Target Trudeau: The Liberal Leader was attacked from all sides, as Conservative Leader Andrew Scheer called him a “phony” and a “fraud,” while other leaders took aim at his climate policies and handling of the SNC-Lavalin affair.
On climate: Justin Trudeau struggled to defend climate targets that government numbers show will fall short. Scheer attacked the carbon tax while NDP Leader Jagmeet Singh responded by saying voters “don’t have to choose between Mr. Delay and Mr. Deny.”
On abortion: Trudeau raised Scheer’s pro-life stance, which prompted the Tory Leader to repeat his pledge not to reopen the issue.
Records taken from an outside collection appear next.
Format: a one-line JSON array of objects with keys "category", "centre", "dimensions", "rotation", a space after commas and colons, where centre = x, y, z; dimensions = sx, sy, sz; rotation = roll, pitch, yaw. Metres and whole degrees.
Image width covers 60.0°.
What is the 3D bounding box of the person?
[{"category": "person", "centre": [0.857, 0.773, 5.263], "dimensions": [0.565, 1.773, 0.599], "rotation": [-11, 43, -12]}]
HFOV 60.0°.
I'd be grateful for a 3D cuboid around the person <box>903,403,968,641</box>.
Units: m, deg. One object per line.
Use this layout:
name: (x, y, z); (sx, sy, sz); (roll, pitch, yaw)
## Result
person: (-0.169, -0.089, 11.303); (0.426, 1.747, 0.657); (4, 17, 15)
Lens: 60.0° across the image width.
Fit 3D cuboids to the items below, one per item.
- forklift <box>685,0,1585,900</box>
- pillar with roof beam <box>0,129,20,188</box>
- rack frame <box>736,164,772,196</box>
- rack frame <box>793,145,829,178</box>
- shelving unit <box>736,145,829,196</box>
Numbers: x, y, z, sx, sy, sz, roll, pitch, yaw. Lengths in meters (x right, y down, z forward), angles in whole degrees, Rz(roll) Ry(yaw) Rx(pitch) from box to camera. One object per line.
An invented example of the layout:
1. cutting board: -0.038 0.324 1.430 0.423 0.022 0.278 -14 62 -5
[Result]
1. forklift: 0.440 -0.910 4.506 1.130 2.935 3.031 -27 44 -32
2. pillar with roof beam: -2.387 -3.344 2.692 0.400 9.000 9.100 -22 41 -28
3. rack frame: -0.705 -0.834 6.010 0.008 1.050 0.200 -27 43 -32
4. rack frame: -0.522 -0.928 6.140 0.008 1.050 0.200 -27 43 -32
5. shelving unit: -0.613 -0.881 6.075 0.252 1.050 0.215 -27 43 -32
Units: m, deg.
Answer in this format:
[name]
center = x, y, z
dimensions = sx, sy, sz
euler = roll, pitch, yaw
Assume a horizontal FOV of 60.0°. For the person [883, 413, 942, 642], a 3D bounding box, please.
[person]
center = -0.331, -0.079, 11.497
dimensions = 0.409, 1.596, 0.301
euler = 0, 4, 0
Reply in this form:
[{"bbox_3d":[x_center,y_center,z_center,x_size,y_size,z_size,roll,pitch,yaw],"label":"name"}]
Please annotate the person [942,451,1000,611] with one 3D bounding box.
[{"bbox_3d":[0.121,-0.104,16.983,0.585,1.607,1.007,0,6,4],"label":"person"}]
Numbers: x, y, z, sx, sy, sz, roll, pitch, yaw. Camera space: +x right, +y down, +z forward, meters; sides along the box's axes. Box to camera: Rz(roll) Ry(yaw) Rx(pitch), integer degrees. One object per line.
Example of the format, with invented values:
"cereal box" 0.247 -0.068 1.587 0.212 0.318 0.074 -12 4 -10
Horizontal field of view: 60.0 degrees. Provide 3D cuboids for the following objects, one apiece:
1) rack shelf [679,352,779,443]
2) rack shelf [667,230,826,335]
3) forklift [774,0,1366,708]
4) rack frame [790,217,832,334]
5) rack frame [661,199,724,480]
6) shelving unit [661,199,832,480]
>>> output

Green Leader Elizabeth May said it has been interesting hearing men argue about what women’s rights should be.
Bernier’s presence: The People’s Party Leader was criticized by Scheer, who said Maxime Bernier had once been a responsible politician. Singh said Bernier didn’t “deserve a platform” because his “ideas are hurtful to Canada.”
Opinion and analysis
John Ibbitson says Scheer’s attacks on Trudeau appeared to work, with Trudeau coming across as “almost passive in his responses.” But it was Singh, he writes, who owned the night with “a pitch-perfect positive message while somehow managing to shut down every voice raised against him.”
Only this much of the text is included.